The survey taps into widespread skepticism about Musk's track record on timelines. Tesla owners and EV enthusiasts have waited years for Full Self-Driving to move from beta testing to genuine autonomy. The humanoid robot program, represented by Tesla's Optimus, remains in early prototype stages. SpaceX's Mars ambitions, while progressing faster than terrestrial competitors' efforts, have repeatedly missed internal deployment targets.

This poll reflects genuine frustration in the EV community. Musk routinely commits to near-term delivery of transformative technologies, then extends timelines by years. Full Self-Driving launched as a limited beta in 2020 and remains incomplete despite repeated promises of imminent full deployment. Optimus was promised for mass production timelines that have repeatedly slipped.

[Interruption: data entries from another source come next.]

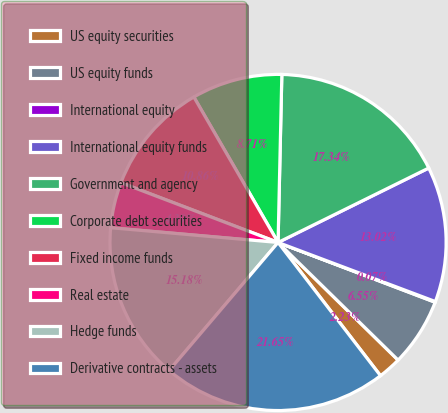Convert chart. <chart><loc_0><loc_0><loc_500><loc_500><pie_chart><fcel>US equity securities<fcel>US equity funds<fcel>International equity<fcel>International equity funds<fcel>Government and agency<fcel>Corporate debt securities<fcel>Fixed income funds<fcel>Real estate<fcel>Hedge funds<fcel>Derivative contracts - assets<nl><fcel>2.23%<fcel>6.55%<fcel>0.07%<fcel>13.02%<fcel>17.34%<fcel>8.71%<fcel>10.86%<fcel>4.39%<fcel>15.18%<fcel>21.65%<nl></chart> 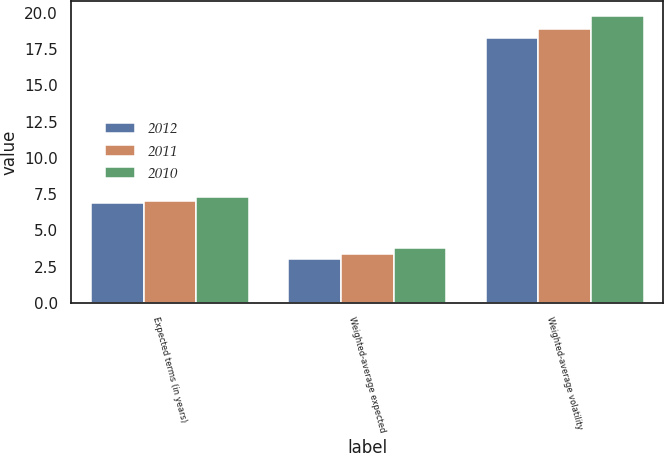<chart> <loc_0><loc_0><loc_500><loc_500><stacked_bar_chart><ecel><fcel>Expected terms (in years)<fcel>Weighted-average expected<fcel>Weighted-average volatility<nl><fcel>2012<fcel>6.9<fcel>3<fcel>18.3<nl><fcel>2011<fcel>7<fcel>3.4<fcel>18.9<nl><fcel>2010<fcel>7.3<fcel>3.8<fcel>19.8<nl></chart> 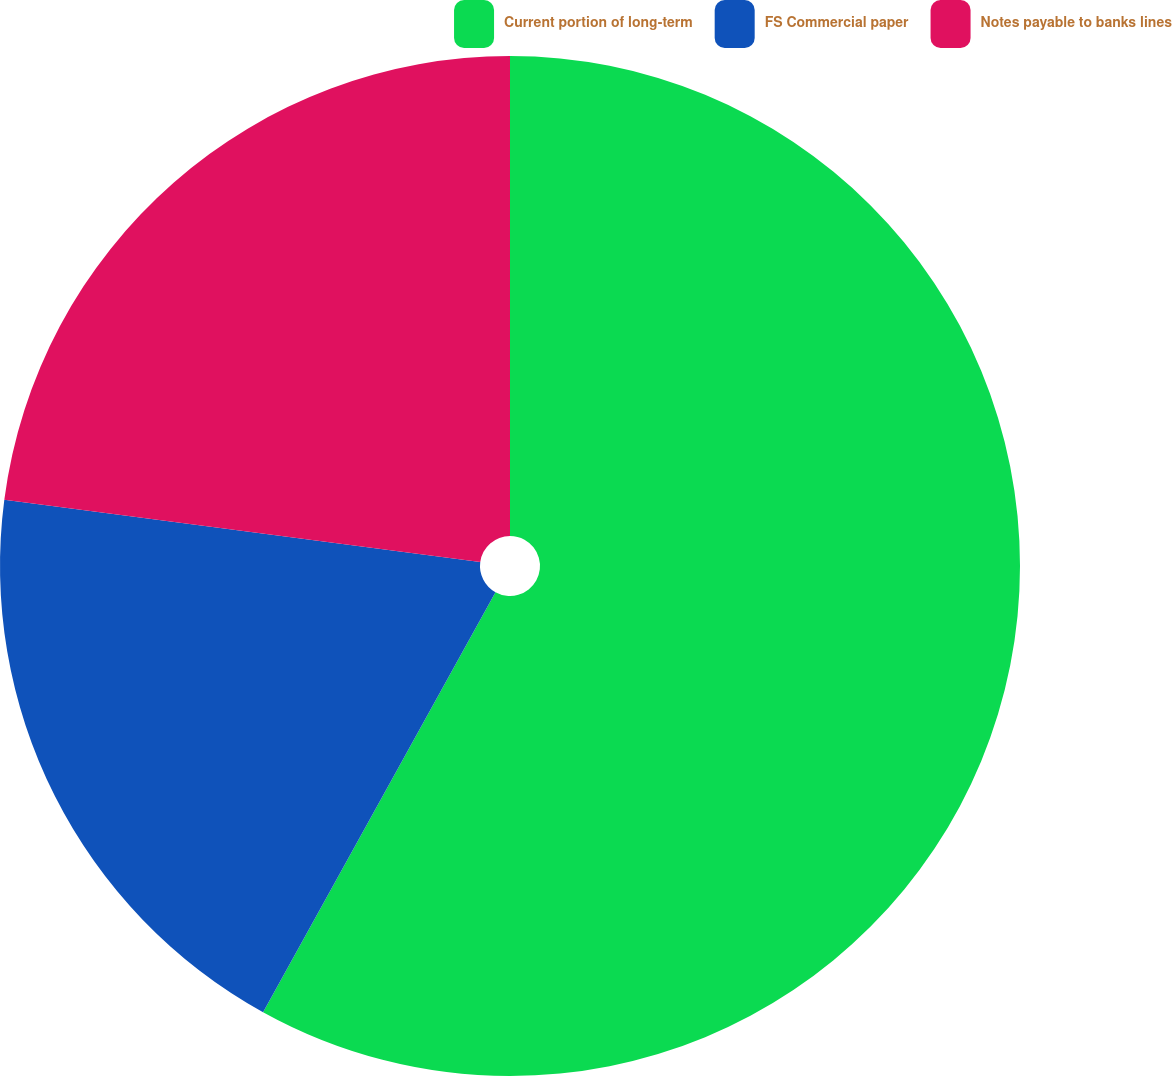Convert chart to OTSL. <chart><loc_0><loc_0><loc_500><loc_500><pie_chart><fcel>Current portion of long-term<fcel>FS Commercial paper<fcel>Notes payable to banks lines<nl><fcel>58.05%<fcel>19.03%<fcel>22.93%<nl></chart>

The trillion-dollar threshold carries symbolic weight. Musk now possesses wealth theoretically sufficient to fund aggressive R&D across multiple fronts without waiting for quarterly earnings pressure. Yet wealth alone doesn't solve engineering problems. Full autonomy remains genuinely unsolved. Humanoid robotics faces fundamental hardware and software barriers. Mars infrastructure requires technological breakthroughs still on the drawing board.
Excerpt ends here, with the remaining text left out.